Large-scale genomic analyses have identified the key cell signals, mutational landscapes, and metabolic derangements related to hepatocarcinogenesis. This results in molecular subclasses with increasing evidence for morpho-molecular correlation [10, 44]. In the current study, macrotrabecular massive subtype, scirrhous, sarcomatoid, neutrophil-rich, and cHCC-CC represent special types of HCC with poor prognosis and survival [12, 45–47]. On the other hand, clear cell, steatohepatitic, FLC, LEL-HCC, and chromophobe HCCs were associated with good prognostic parameters [10, 48, 49]. Although the data were not statistically significant (due to the small number of some variants), they could highlight the importance of the morphological classification of HCC subtypes. The morpho-molecular classification may indicate a unique gene expression signature that may help in the prognostication and therapeutic management of patients [44].

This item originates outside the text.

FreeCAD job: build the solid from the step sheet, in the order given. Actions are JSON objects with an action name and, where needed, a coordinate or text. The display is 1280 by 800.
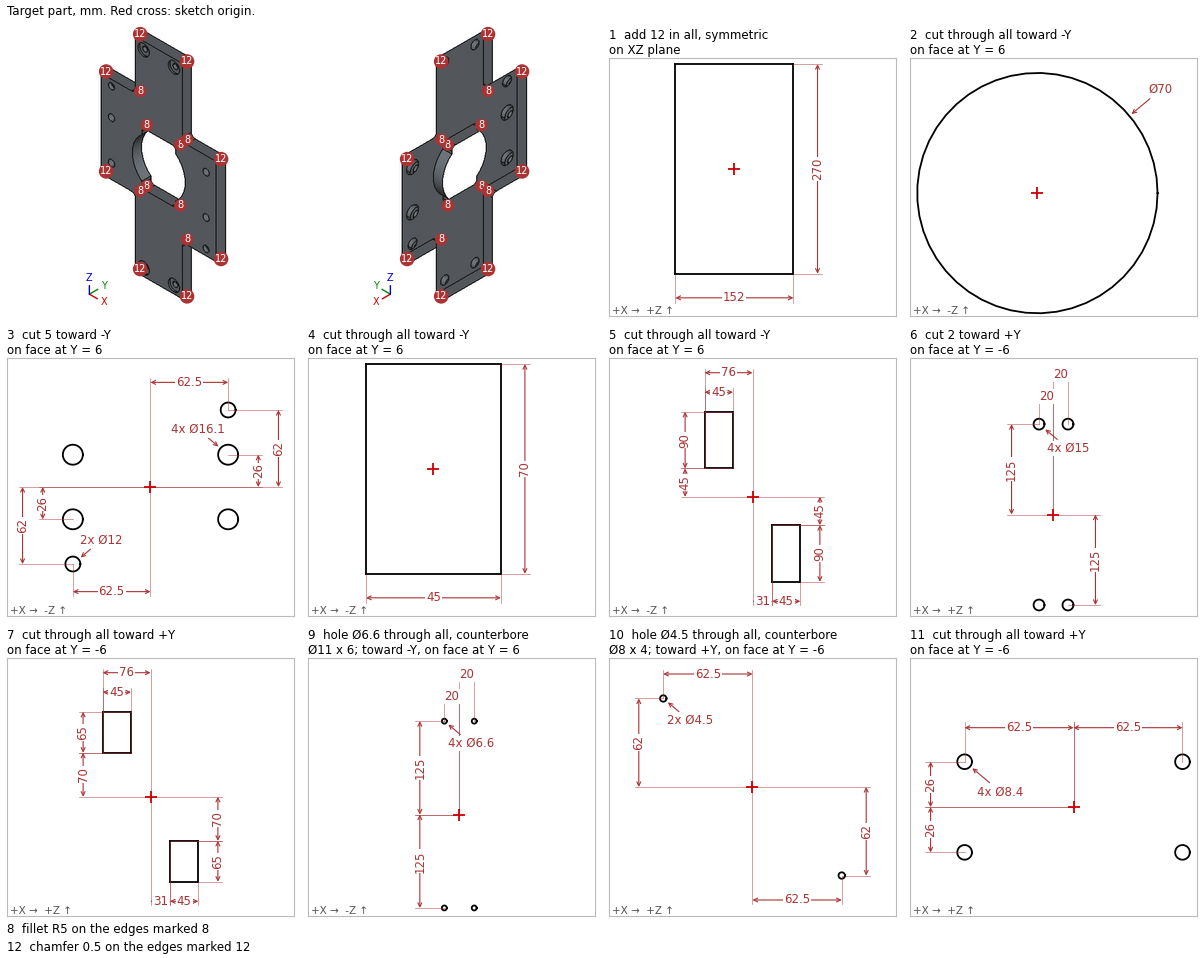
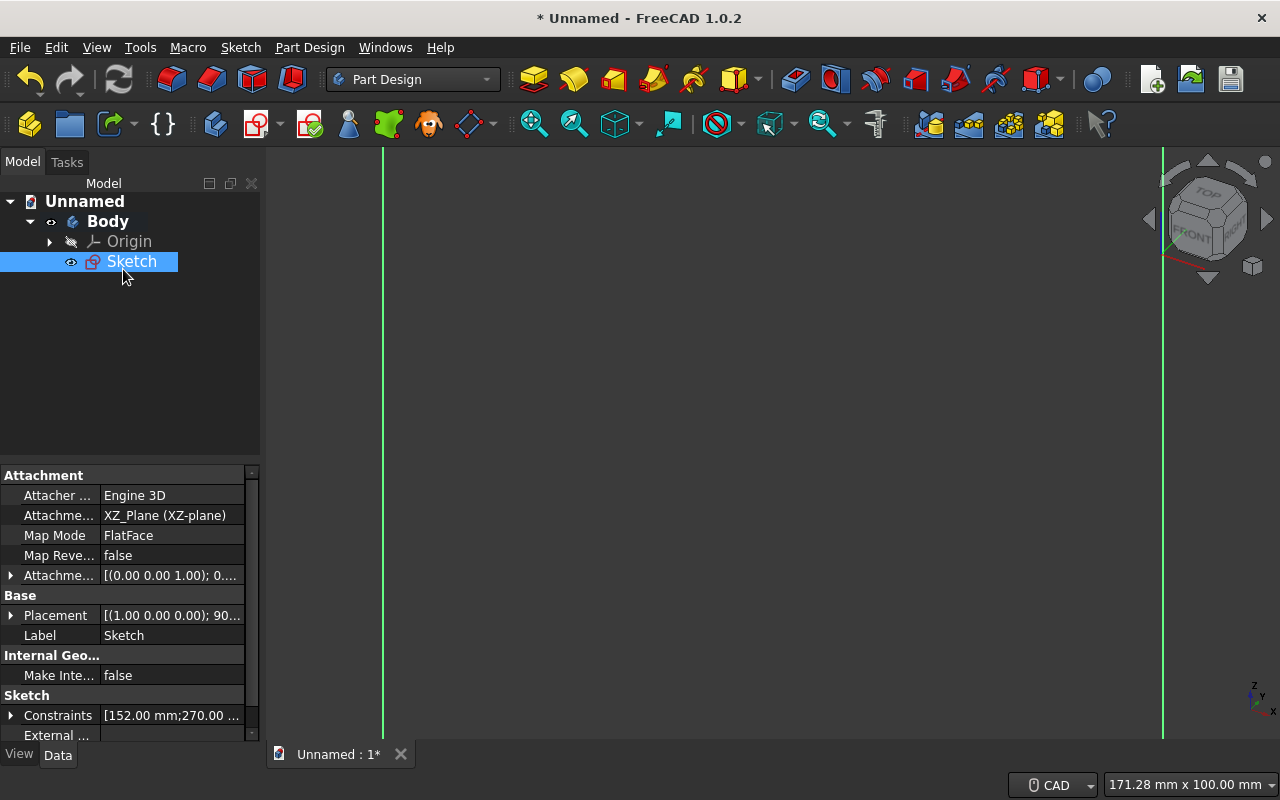
{"action": "left_click", "coordinate": [534, 80]}

The difference in the frequency of some HCC variants could have resulted from the lack of definite criteria, such as the thickness of the trabeculae in macrotrabecular massive variant or the wide range for cutoff points in the clear cell, scirrhous, and steatohepatitic subtypes [12, 45]. In addition, the low frequency of the steatohepatitic variant in the present study (2.9% versus 5–20% in the previous studies) with no significant steatohepatitis in the background liver could be linked to the low incidence of nonalcoholic fatty liver disease-related HCC. However, the association between steatohepatitic HCC and metabolic syndrome is not yet well elucidated [50]. Similarly, chromophobe HCC was rare, occurred in males, had a poor grade and frequent LVI, and had similar OS as classic HCC. The poor grade could be attributed to the abrupt anaplasia frequently reported in this subtype [51]. Kang et al. reported a higher frequency of chromophobe HCC with female predominance [52]. Future studies are recommended for the clinical characteristics of chromophobe HCC.

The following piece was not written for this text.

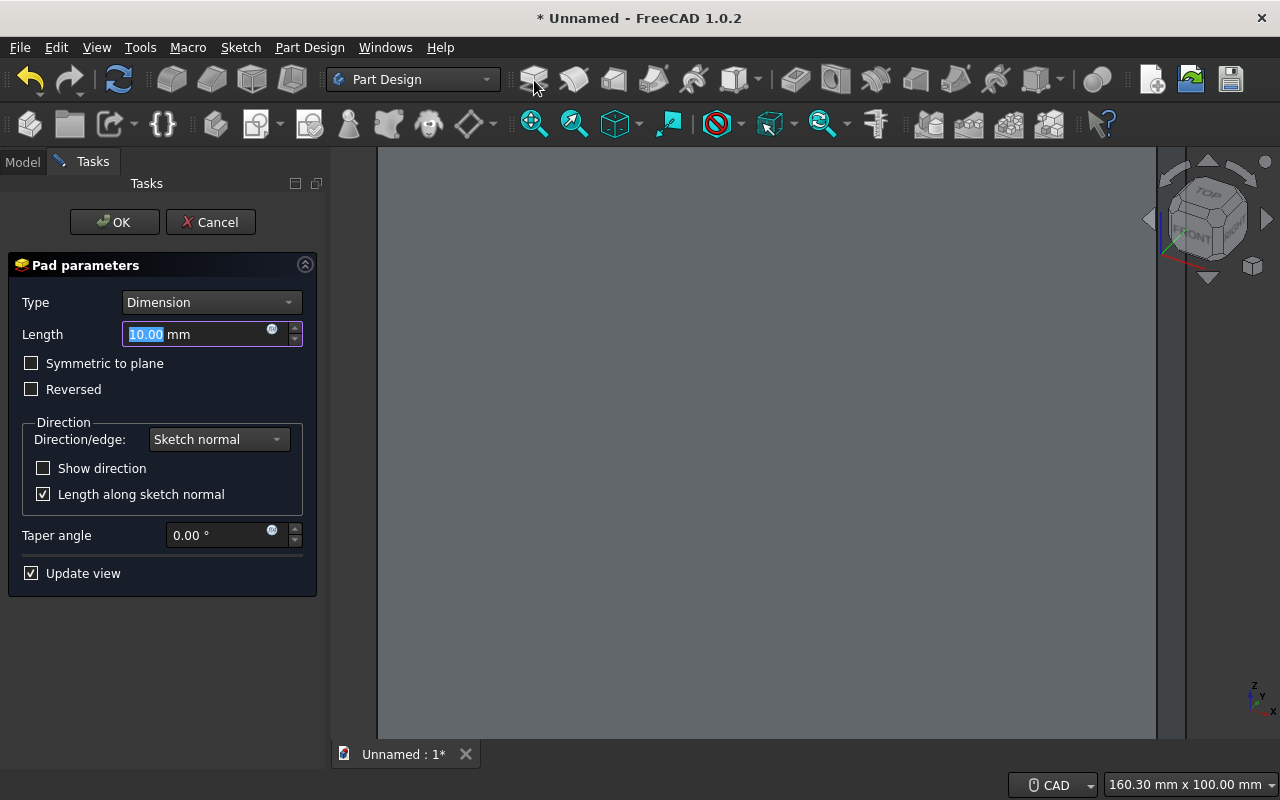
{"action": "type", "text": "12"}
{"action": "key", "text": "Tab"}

Although some HCC special variants shared similar histopathological findings, they had diverse prognostic outcomes. Scirrhous HCC and FLC both had characteristic fibrous bundles, but they differed in the nature of the fibrous stroma: dense lamellated collagenous bands in FLC versus abundant fibroblasts and stemness-related markers in scirrhous HCC [53]. In addition, scirrhous HCC may share some of the CC gene expression profile and activated epithelial-mesenchymal transition pathway, which influence aggressive behavior [46]. Similarly, LEL-HCC and neutrophil-rich HCC showed opposite clinical, prognostic, and survival data. Neutrophils are the first immune cells that enter the tumor microenvironment and promote tumor growth and metastasis, while tumor lymphocytes are engaged in the host-mediated immune response against tumor cells [54, 55]. Therefore, peripheral neutrophil and lymphocyte counts could be independent noninvasive predictors of HCC prognosis [56]. Therapeutic targeting of different immune cells could be beneficial in special HCC subtypes.

cHCC-CC is a rare and aggressive tumor representing a distinct type of primary liver cancer originating from hepatic stem cells [57]. Current evidence suggests that cHCC-CC shares some of the clinical, etiological, and genetic backgrounds of both HCC and CC, resulting in an intermediate prognostic course [58].

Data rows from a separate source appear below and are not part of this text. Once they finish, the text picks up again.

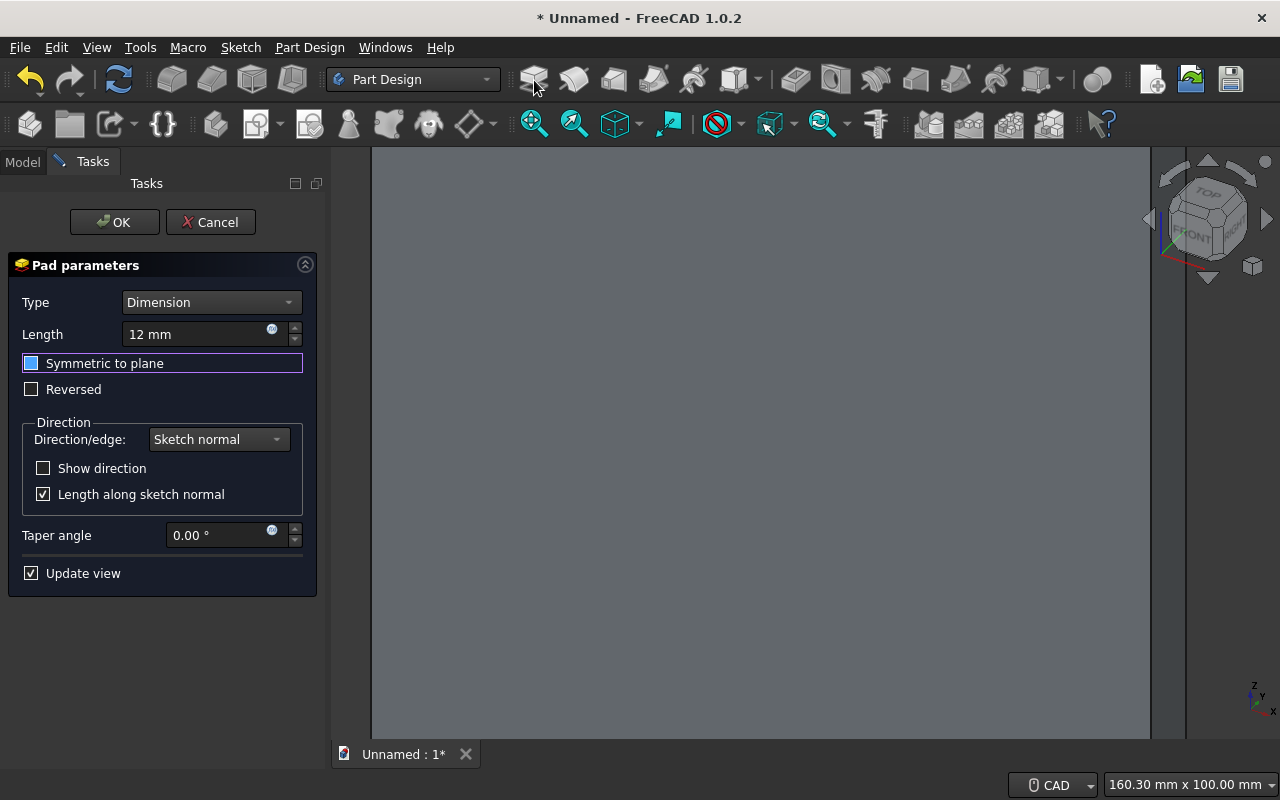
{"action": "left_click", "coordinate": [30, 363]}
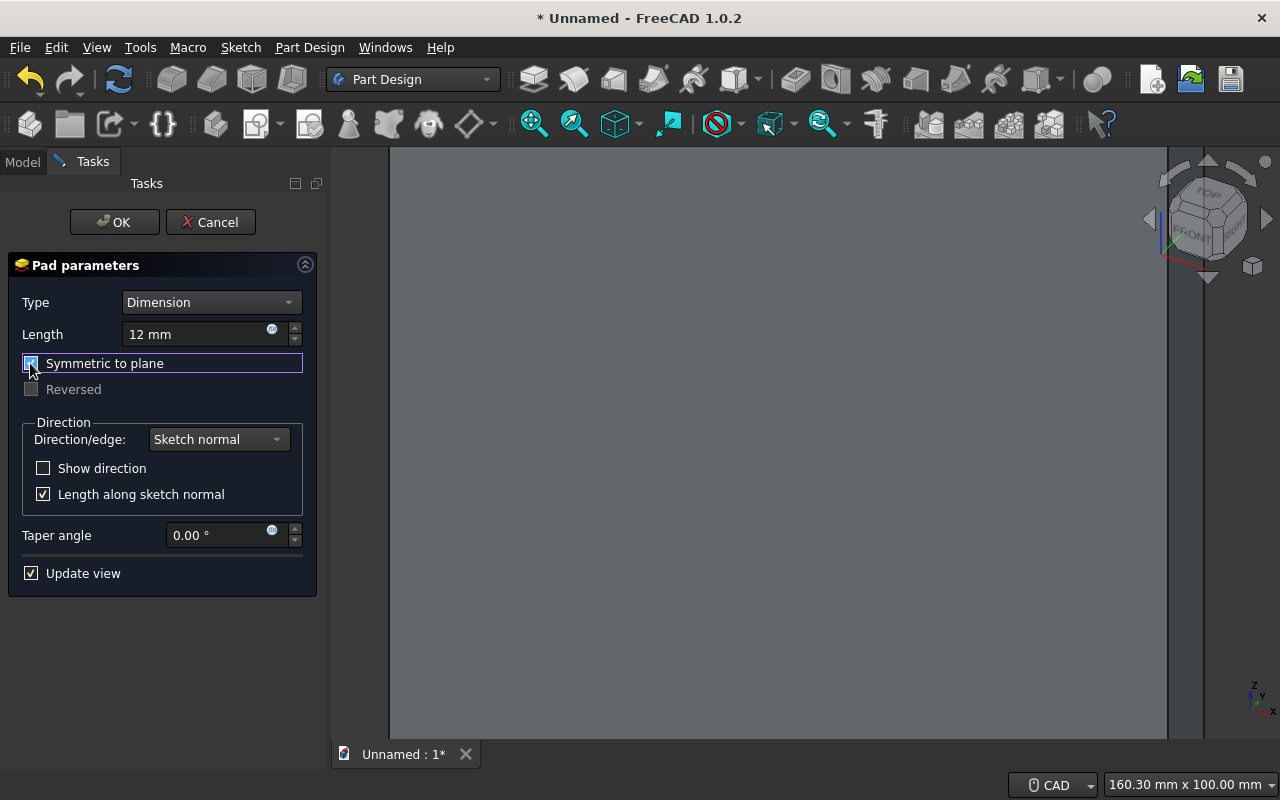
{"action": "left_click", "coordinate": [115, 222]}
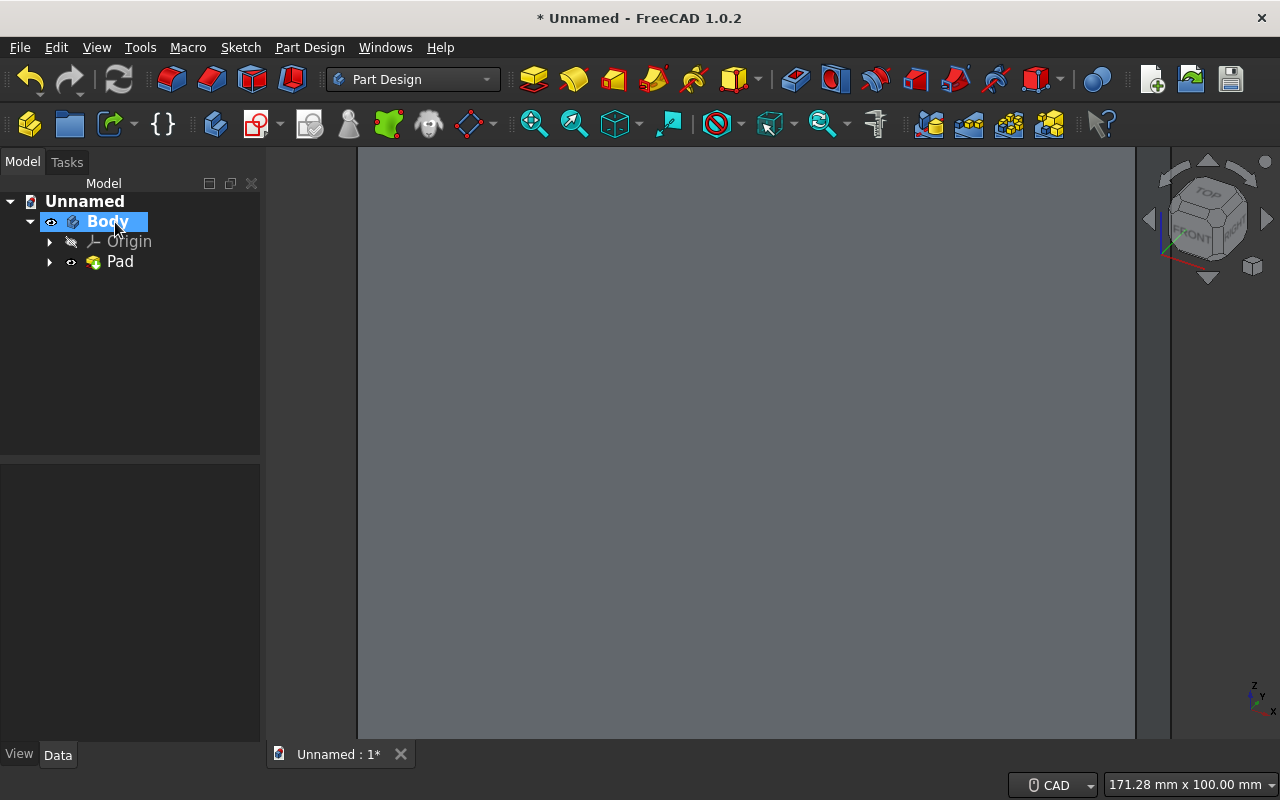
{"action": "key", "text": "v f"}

With a median OS of 2 years, the survival data of patients with HCC in this study was compatible with previous studies [59]. Older age, large tumor size, and dense intra-tumoral fibrous stroma indicating scirrhous HCC were the independent prognostic factors affecting short-term survival. This is in agreement with several studies that illustrated that tumor size is an independent prognostic for HCC survival [59, 60]. In a meta-analysis conducted by Ding et al., TILs played a prognostic role in the postsurgical resection HCC [61].

Conclusions

HCC is a heterogenous tumor with diverse clinical, pathological, and prognostic parameters. Age, male gender, elevated serum AFP level, tumor size, background liver, and special histopathological variants are considered key indicators for patient outcomes. Post-DAA HCC could have an aggressive behavior compared with their post-IFN counterparts. The morphological classifications of HCC could serve as diagnostic clues for atypical radiological imaging findings, which can help in predicting the prognosis of patients and personalizing treatment.